Guardando ai dati dell’FMI, nel rapporto debito pubblico/PIL la Spagna non ha una posizione pesante come quella della vicina Italia (136% per il 2024), ma con il suo 102% indicato per l’anno passato non ha neppure un buon piazzamento. Nonostante i miglioramenti che si sono effettivamente visti dal 2021, la Spagna resta per ora ancora sopra la soglia del 100% del PIL per l’indebitamento pubblico, contro una media dell’Eurozona pari all’88% per il 2024.
È interessante vedere anche qual è la situazione di altri due Paesi del Sud Europa che fanno parte dell’UE e dell’Eurozona. Parliamo di Portogallo e Grecia, che insieme a Italia e Spagna erano finiti sotto i riflettori (vedi l’acronimo PIGS) nel primo decennio degli anni Duemila, accusati di eccessiva debolezza in economia e nei conti pubblici. Per la crescita, il Portogallo ha gradualmente risalito la china e, a parte il 2020 pandemico, ha ritrovato un ritmo apprezzabile, con aumenti del PIL del 2,3% nel 2023 e dell’1,9% nel 2024. La disoccupazione portoghese in febbraio era nella media dell’Eurozona e lo stesso dicasi per l’inflazione. Il debito pubblico/PIL portoghese è al 94% per il 2024, ancora alto ma molto sotto il 131% del 2015.

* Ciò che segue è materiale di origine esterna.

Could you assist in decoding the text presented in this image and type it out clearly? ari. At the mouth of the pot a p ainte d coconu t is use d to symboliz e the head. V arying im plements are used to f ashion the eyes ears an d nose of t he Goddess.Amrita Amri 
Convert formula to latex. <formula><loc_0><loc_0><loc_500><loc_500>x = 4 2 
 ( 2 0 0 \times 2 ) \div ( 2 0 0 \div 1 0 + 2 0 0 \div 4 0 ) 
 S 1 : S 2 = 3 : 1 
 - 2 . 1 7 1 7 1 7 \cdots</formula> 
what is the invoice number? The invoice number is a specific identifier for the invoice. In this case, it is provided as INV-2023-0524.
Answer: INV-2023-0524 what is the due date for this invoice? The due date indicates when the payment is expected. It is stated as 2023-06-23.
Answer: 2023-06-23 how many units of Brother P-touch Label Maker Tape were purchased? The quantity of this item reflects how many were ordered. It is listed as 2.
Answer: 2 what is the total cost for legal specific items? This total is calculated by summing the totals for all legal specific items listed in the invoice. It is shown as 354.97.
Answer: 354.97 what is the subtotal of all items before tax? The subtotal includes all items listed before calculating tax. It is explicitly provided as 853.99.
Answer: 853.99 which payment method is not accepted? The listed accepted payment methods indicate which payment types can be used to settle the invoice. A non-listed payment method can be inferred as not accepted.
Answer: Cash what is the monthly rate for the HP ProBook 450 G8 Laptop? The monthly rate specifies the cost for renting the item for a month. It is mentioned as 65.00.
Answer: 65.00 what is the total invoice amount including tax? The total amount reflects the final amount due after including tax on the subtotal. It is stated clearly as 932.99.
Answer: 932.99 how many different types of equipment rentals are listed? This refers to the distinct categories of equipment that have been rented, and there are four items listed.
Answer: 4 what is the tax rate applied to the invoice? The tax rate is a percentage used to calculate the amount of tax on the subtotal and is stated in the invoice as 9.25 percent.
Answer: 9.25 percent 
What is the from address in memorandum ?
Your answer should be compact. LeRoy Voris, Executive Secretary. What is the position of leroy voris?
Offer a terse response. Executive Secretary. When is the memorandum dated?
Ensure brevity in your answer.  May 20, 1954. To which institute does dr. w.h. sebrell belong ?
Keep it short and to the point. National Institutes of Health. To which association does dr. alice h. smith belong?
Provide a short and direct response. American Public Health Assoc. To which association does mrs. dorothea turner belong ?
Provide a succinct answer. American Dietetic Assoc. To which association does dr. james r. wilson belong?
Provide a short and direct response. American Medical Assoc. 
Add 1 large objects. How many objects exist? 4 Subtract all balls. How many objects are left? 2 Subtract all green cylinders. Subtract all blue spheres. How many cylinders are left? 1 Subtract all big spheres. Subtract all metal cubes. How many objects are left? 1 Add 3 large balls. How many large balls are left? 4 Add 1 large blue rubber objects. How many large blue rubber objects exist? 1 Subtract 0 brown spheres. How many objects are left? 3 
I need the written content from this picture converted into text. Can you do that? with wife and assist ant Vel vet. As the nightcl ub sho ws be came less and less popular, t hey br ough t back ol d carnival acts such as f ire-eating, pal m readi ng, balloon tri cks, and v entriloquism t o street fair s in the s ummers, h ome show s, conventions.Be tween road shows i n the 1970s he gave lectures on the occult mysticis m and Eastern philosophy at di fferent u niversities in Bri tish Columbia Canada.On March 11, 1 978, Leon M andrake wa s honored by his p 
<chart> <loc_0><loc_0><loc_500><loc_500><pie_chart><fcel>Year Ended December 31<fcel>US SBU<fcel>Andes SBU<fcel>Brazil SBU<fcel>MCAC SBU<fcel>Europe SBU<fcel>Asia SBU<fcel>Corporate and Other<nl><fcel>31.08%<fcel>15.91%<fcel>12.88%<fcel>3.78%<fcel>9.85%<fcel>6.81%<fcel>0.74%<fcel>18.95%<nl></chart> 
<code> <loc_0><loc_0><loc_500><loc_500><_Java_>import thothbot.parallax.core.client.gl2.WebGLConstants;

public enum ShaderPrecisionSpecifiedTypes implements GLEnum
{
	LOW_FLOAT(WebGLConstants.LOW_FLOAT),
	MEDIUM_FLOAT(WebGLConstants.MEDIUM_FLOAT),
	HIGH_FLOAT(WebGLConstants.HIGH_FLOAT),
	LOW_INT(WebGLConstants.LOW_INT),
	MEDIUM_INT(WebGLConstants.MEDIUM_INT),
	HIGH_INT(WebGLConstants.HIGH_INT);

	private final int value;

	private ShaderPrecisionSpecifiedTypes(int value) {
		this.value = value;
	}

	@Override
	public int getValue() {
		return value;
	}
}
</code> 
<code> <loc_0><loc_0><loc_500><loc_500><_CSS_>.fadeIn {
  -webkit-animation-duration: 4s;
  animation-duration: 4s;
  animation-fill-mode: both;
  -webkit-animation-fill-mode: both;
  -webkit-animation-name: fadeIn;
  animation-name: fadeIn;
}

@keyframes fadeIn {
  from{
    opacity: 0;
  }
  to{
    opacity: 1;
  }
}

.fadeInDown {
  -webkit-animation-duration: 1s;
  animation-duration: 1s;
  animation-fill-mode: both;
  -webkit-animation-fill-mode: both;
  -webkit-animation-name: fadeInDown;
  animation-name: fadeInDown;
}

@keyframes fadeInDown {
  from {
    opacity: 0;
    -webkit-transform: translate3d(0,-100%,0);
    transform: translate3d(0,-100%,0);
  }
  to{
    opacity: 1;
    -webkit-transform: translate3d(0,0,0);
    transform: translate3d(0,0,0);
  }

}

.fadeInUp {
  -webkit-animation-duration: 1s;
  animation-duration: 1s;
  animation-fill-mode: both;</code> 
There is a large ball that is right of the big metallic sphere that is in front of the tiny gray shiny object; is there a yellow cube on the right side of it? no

Alcuni miglioramenti ci sono stati anche per la Grecia, Paese che era stato al centro di grandi controversie per via della sua pesante situazione economica e per via del piano di risanamento proposto e sostenuto da UE, BCE, FMI. Dopo molte polemiche su una eccessiva austerità finanziaria (secondo gli oppositori) o su un opportuno rigore nei conti pubblici (secondo i sostenitori del piano), la Grecia ha adottato le misure proposte, affrontando le difficoltà e poi risalendo, seppur gradualmente.
Lisbona e Atene
Come già Lisbona, anche Atene ha accettato la linea del risanamento ed ha ottenuto alcuni risultati. Caduta e rimbalzi pandemici a parte, la crescita economica greca tra il 2016 e il 2023 si è collocata nella fascia 2%-3% e dovrebbe esser stata dell’1,9% nel 2024. Inflazione e disoccupazione, pur restando nettamente sopra la media Eurozona, sono scese. Il debito pubblico/PIL della Grecia è al 159% per il 2024, certo ancora troppo elevato, ma decisamente inferiore al 179% registrato da Atene nel 2015.